The one genuine insight that can be taken away from the book is that demography is not destiny. Here, Mounk’s otherwise mechanical “bothsidesism” has some justification: Plenty of Democrats believe the future is theirs because of minorities’ growing vote share, while Republicans double down on voter suppression based on the same predictions. Both underestimate that identities are fluid and that parties have plenty of leeway in deciding whose interests to appeal to. Mounk is right that both sides should get rid of what he calls the “most dangerous idea in American politics”—but in the end that’s slim pickings for an author who calls himself “one of the world’s leading experts on the crisis of liberal democracy.”
The world may be approaching a new cold war, but unlike the leaders of the Soviet Union and China in the 20th century, today’s autocrats do not offer an ideology aimed at global appeal.
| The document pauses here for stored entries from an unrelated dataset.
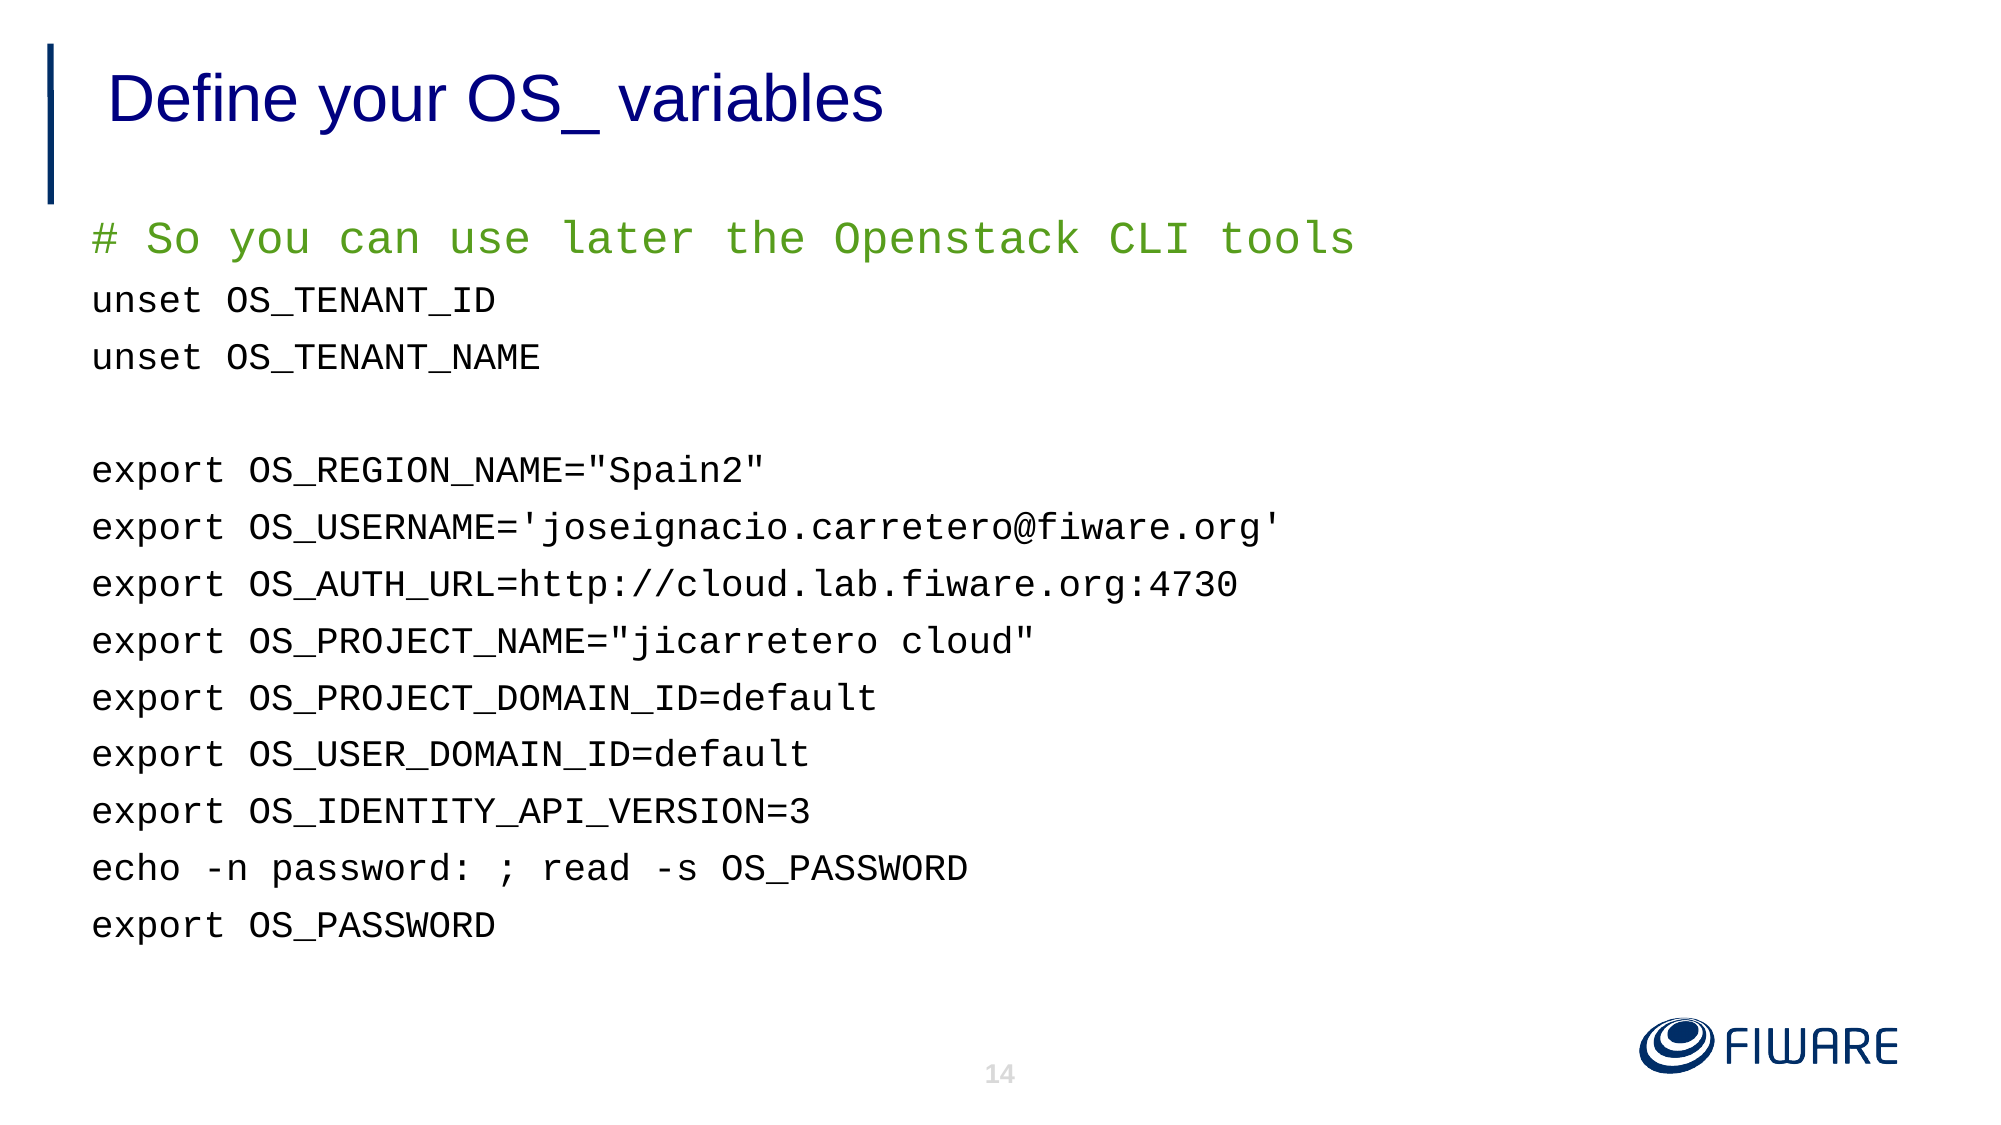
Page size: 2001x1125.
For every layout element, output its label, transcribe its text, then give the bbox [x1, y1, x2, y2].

text_box # So you can use later the Openstack CLI tools unset OS_TENANT_ID unset OS_TENANT_NAME export OS_REGION_NAME="Spain2" export OS_USERNAME='joseignacio.carretero@fiware.org' export OS_AUTH_URL=http://cloud.lab.fiware.org:4730 export OS_PROJECT_NAME="jicarretero cloud" export OS_PROJECT_DOMAIN_ID=default export OS_USER_DOMAIN_ID=default export OS_IDENTITY_API_VERSION=3 echo -n password: ; read -s OS_PASSWORD export OS_PASSWORD [76, 200, 1902, 1014]
picture [1635, 1012, 1905, 1077]
title Define your OS_ variables [92, 47, 1704, 189]
slide_number [887, 1042, 1113, 1103]
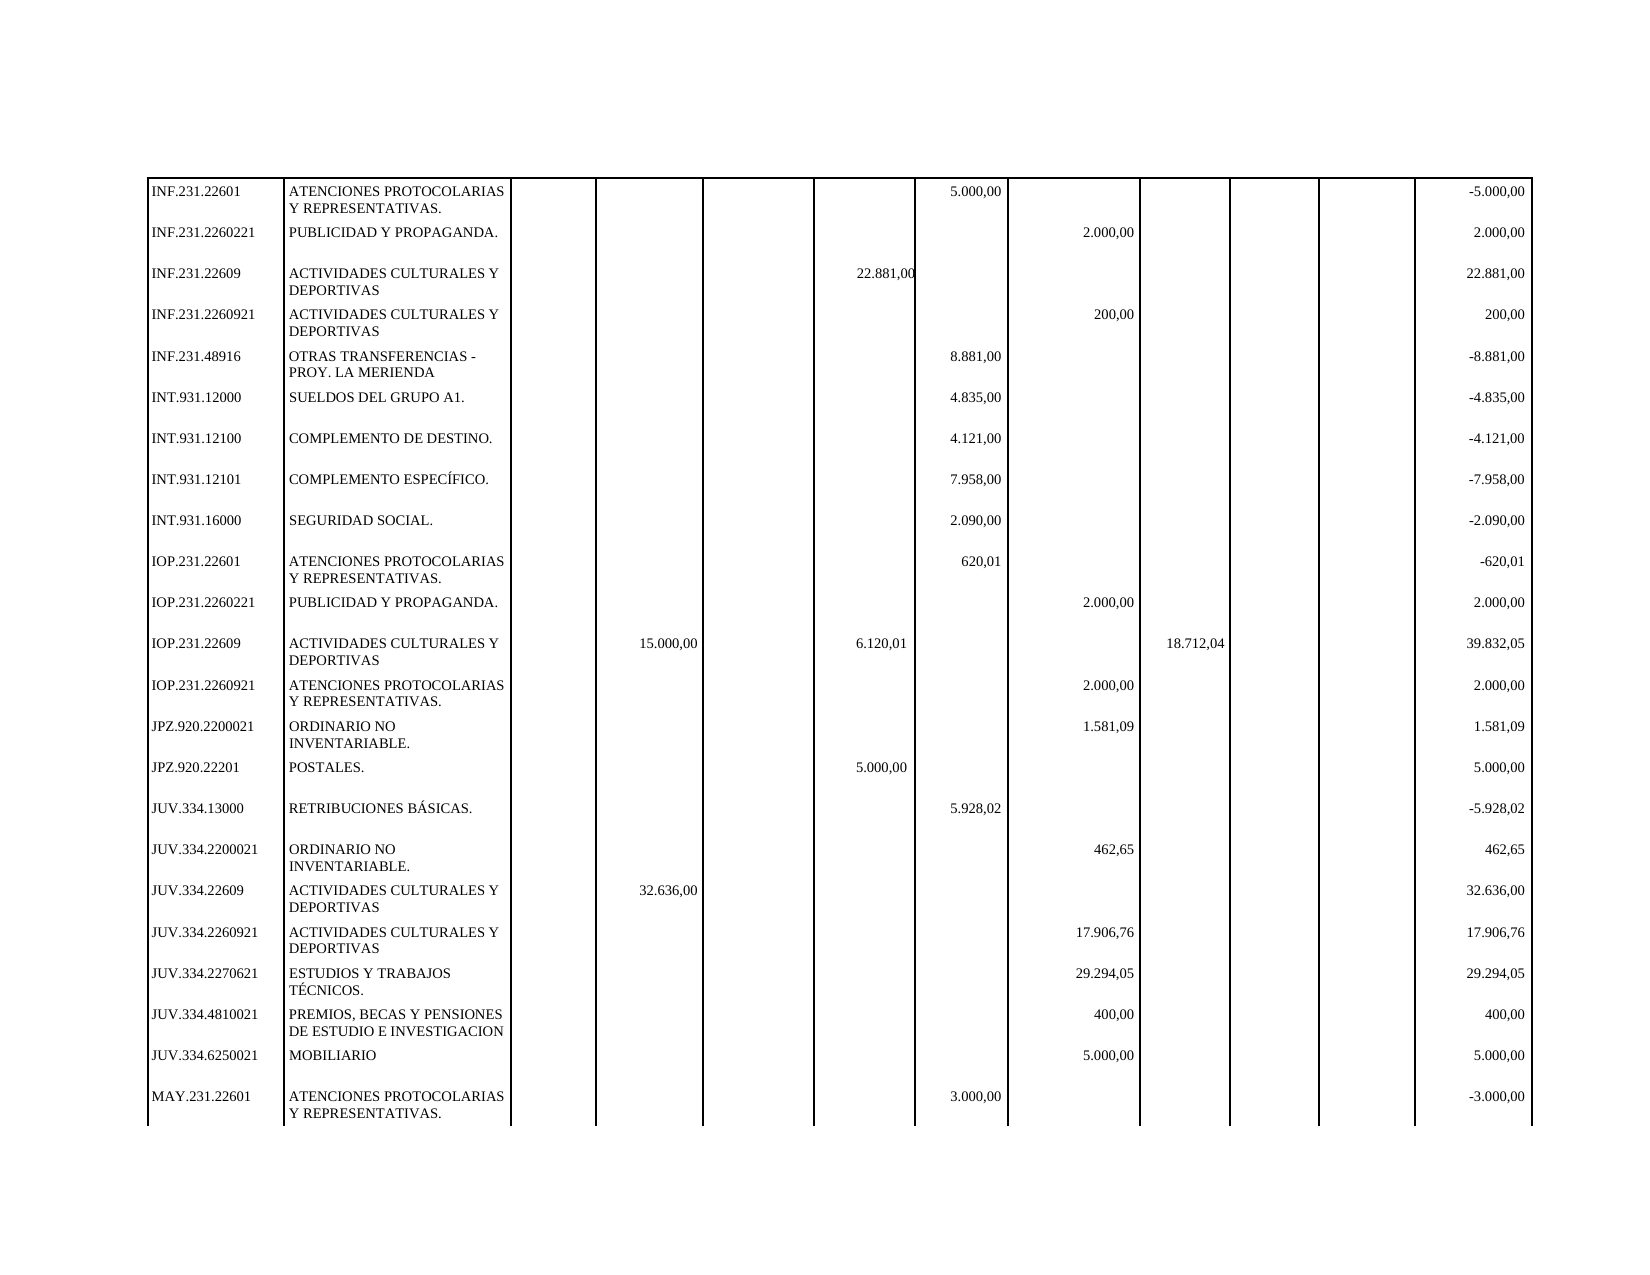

In fact, they have no new political idea at all—to justify themselves, they often invoke democracy. What’s new is their ability to refine their governing techniques and to exploit the West’s tendency to put profit above political principles. Putin’s system crucially relied on legal loopholes and the cooperation of Western bankers, lawyers, and real estate agents with Russian oligarchs. Spin dictatorships have also benefited from the willingness of former Western leaders to certify them as real democracies.
However, Putin’s invasion of Ukraine may lead to a moment of reckoning for the West and a reassessment of how to treat its adversaries. Guriev and Treisman’s indispensable book, and to some extent Rachman’s, can help the West understand just what it is dealing with.